**WORK REQUIRED:** Set down exact lines only, from the line with "4) fruit basket [71, 195, 288, 461]" through the last line of the material below, with every picture left out.

**MATERIAL SUPPLIED:**
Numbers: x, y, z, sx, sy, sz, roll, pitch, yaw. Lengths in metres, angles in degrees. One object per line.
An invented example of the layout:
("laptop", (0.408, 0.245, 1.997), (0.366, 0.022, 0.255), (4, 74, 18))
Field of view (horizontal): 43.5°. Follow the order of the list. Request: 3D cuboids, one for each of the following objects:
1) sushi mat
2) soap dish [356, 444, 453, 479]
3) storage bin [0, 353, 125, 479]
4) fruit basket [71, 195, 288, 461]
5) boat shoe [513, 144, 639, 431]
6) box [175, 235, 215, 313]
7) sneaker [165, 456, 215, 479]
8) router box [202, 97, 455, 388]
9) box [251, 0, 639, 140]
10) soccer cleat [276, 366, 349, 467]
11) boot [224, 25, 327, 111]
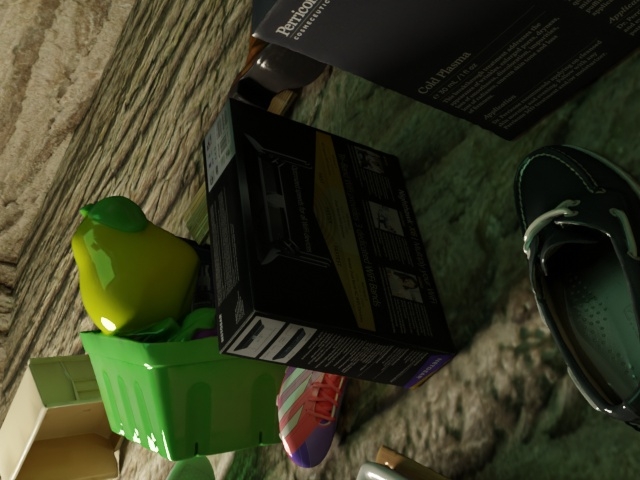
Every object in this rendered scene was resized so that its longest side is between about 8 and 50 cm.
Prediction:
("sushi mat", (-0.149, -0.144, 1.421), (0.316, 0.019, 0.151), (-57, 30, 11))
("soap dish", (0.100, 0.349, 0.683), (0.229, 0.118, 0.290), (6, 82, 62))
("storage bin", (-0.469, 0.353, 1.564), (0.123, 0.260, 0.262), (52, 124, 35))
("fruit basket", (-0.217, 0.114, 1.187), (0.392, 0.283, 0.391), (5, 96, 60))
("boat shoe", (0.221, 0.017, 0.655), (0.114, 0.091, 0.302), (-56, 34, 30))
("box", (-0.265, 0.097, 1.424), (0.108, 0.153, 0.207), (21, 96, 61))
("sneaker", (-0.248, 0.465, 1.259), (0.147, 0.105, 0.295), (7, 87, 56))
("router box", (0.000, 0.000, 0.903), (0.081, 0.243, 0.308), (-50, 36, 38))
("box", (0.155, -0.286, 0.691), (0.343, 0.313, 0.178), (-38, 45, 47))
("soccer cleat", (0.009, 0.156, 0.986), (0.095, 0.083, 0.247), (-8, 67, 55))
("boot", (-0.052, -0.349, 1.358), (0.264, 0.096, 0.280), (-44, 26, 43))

**WRITTEN RESPONSE:**
4) fruit basket [71, 195, 288, 461]
5) boat shoe [513, 144, 639, 431]
6) box [175, 235, 215, 313]
7) sneaker [165, 456, 215, 479]
8) router box [202, 97, 455, 388]
9) box [251, 0, 639, 140]
10) soccer cleat [276, 366, 349, 467]
11) boot [224, 25, 327, 111]
Every object in this rendered scene was resized so that its longest side is between about 8 and 50 cm.
Prediction:
("sushi mat", (-0.149, -0.144, 1.421), (0.316, 0.019, 0.151), (-57, 30, 11))
("soap dish", (0.100, 0.349, 0.683), (0.229, 0.118, 0.290), (6, 82, 62))
("storage bin", (-0.469, 0.353, 1.564), (0.123, 0.260, 0.262), (52, 124, 35))
("fruit basket", (-0.217, 0.114, 1.187), (0.392, 0.283, 0.391), (5, 96, 60))
("boat shoe", (0.221, 0.017, 0.655), (0.114, 0.091, 0.302), (-56, 34, 30))
("box", (-0.265, 0.097, 1.424), (0.108, 0.153, 0.207), (21, 96, 61))
("sneaker", (-0.248, 0.465, 1.259), (0.147, 0.105, 0.295), (7, 87, 56))
("router box", (0.000, 0.000, 0.903), (0.081, 0.243, 0.308), (-50, 36, 38))
("box", (0.155, -0.286, 0.691), (0.343, 0.313, 0.178), (-38, 45, 47))
("soccer cleat", (0.009, 0.156, 0.986), (0.095, 0.083, 0.247), (-8, 67, 55))
("boot", (-0.052, -0.349, 1.358), (0.264, 0.096, 0.280), (-44, 26, 43))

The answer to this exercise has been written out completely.